Em destaque na agenda, o ministro da Fazenda, Fernando Haddad, e a ministra do Meio Ambiente, Marina Silva, vão representar o Brasil no Fórum Econômico Mundial, em Davos, na Suíça, que começa hoje, enquanto no exterior o otimismo com balanços corporativos e a reabertura da China ganham força.
Haddad tem encontro com Achim Steiner, chefe do Programa das Nações Unidas para o Desenvolvimento (PNUD), seguido de reunião com o presidente do Banco Interamericano de Desenvolvimento (BID), Ilan Goldfajn.
No cenário local, o presidente Lula se encontra com o ministro do Trabalho e Emprego, Luiz Marinho, no Palácio do Planalto. O compromisso, marcado para as 15 horas, ocorre no momento em que o governo discute o que fará com o valor do salário mínimo – se ele será ou não reajustado de R$ 1.302 para R$ 1.320.
Enquanto isso, a expectativa para a inflação dos analistas do mercado financeiro continua em tendência de alta, segundo projeções divulgadas nesta segunda pelo Relatório Focus, do Banco Central.
A projeção para o Índice de Preços ao Consumidor Amplo (IPCA) subiu para 2023 (de 5,36% para 5,39%). A inflação de 2024 foi mantida em 3,70%, mas a de 2025 avançou de 3,30% para 3,50% e a de 2026 foi de 3,20% para 3,22%.

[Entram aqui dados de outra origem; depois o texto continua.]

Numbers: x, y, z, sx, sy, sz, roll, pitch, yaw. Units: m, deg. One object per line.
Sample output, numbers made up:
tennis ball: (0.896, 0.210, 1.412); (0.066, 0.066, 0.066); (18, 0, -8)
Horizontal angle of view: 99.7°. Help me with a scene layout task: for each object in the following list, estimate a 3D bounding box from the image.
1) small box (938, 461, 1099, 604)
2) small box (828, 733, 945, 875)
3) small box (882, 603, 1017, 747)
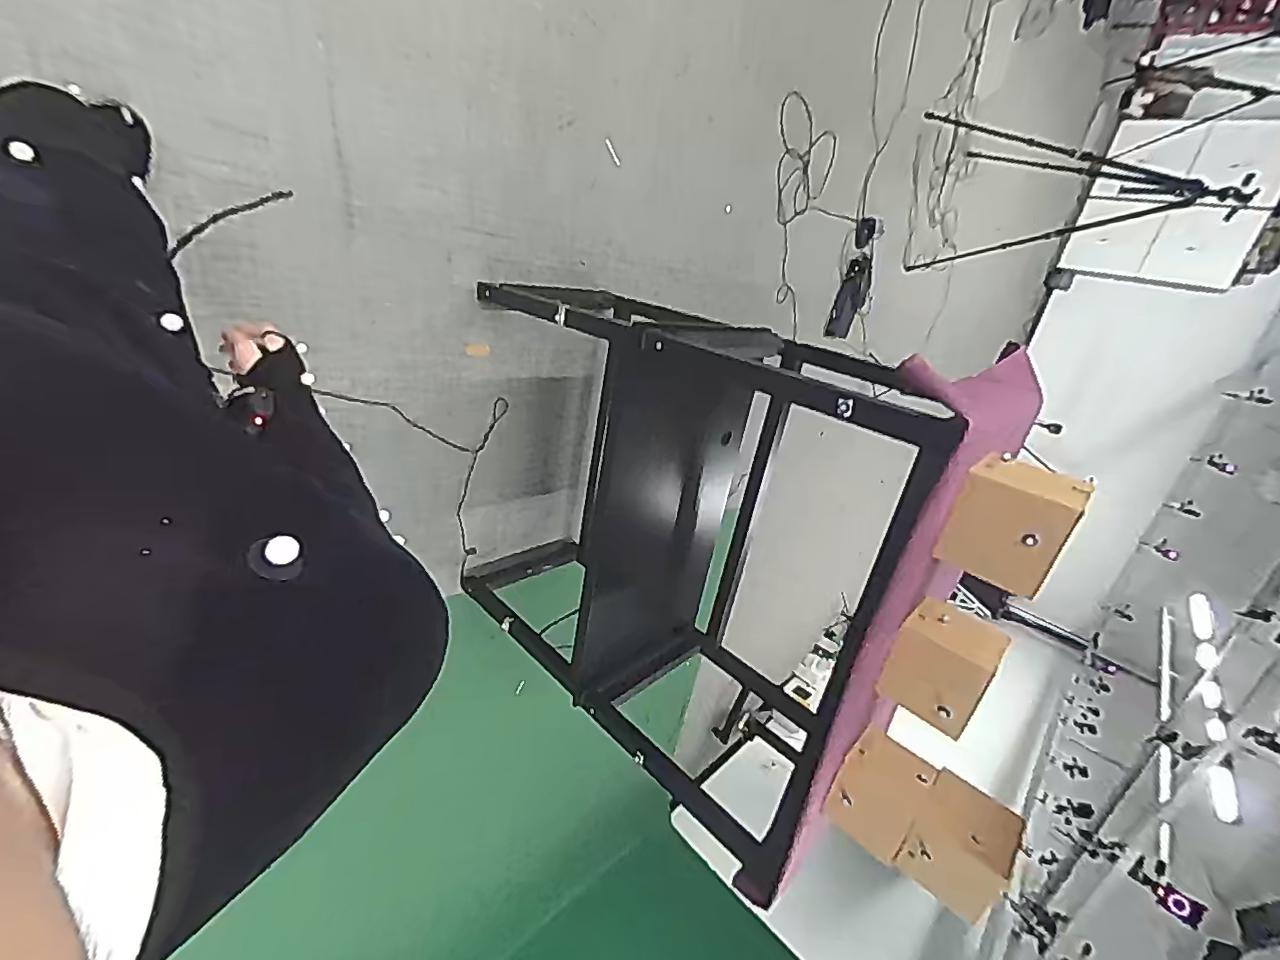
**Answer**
small box: (0.652, 0.078, 0.942); (0.168, 0.176, 0.179); (-17, 126, -43)
small box: (0.548, 0.718, 1.218); (0.168, 0.176, 0.179); (-16, 124, -46)
small box: (0.608, 0.377, 1.077); (0.168, 0.176, 0.179); (-14, 122, -46)
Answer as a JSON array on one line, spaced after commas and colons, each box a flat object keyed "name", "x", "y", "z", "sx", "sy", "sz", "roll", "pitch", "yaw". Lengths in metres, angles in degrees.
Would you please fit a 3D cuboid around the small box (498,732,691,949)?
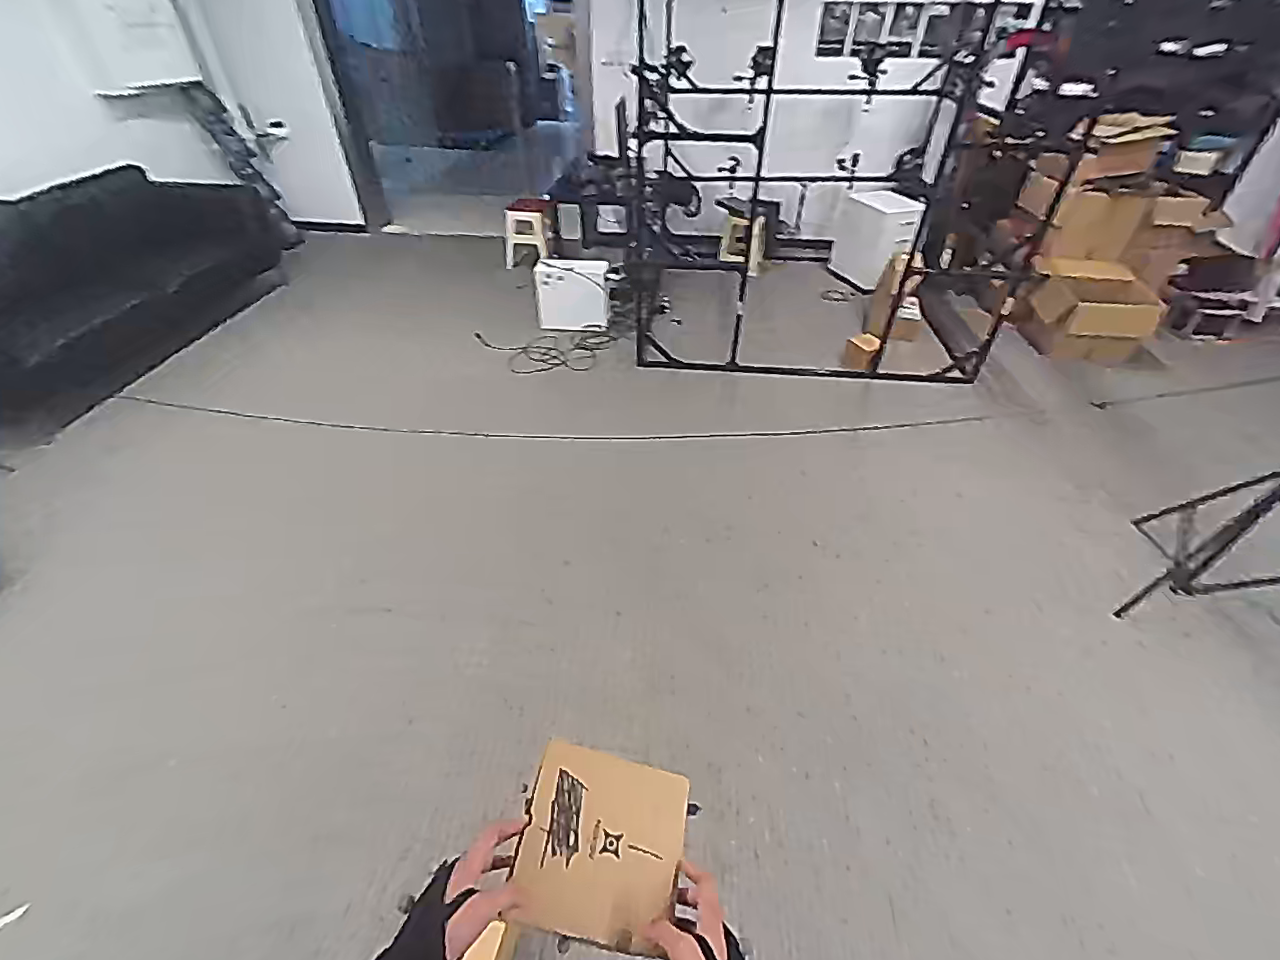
[{"name": "small box", "x": -0.057, "y": 0.426, "z": 0.639, "sx": 0.179, "sy": 0.176, "sz": 0.168, "roll": 19, "pitch": 49, "yaw": -4}]

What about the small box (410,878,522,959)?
[{"name": "small box", "x": -0.384, "y": 1.039, "z": 1.221, "sx": 0.179, "sy": 0.176, "sz": 0.168, "roll": 9, "pitch": 43, "yaw": 11}]
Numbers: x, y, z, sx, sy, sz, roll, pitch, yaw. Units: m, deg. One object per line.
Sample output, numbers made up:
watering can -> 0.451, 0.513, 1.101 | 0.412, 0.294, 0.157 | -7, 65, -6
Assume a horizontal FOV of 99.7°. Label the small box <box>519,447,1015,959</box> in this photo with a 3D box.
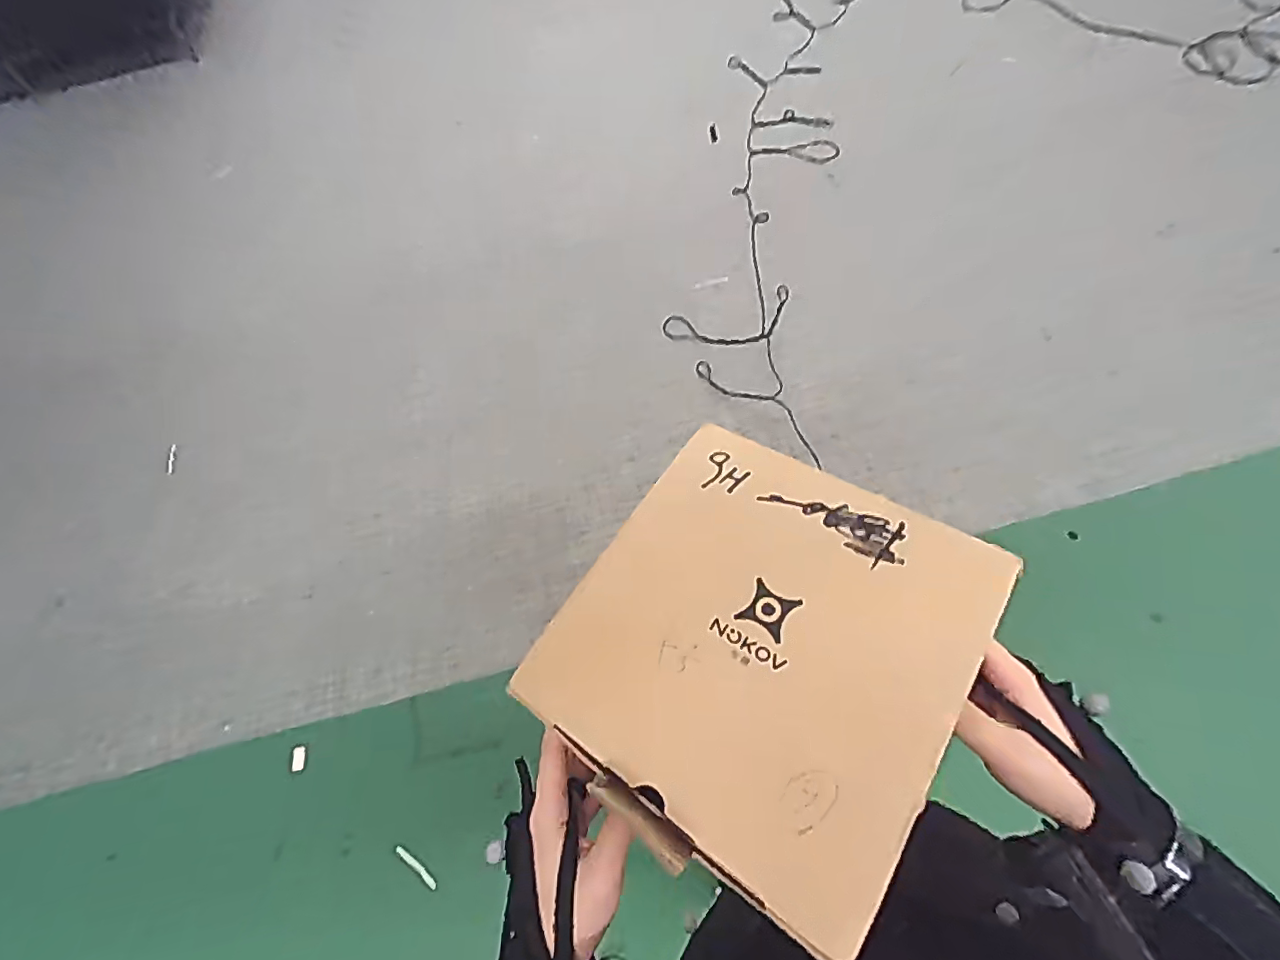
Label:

A previsão da taxa de juros básica da economia brasileira (Selic) foi mantida em 12,25% para este ano, enquanto da 2024 permaneceu em 9,25% e a 2025 subiu de 8,0% para 8,25%
Ibovespa hoje: confira o movimento do mercado ao vivo nesta segunda-feira
Às 9h10 (horário de Brasília), o Ibovespa futuro para fevereiro operava com baixa de 0,51%, aos 111.430 pontos.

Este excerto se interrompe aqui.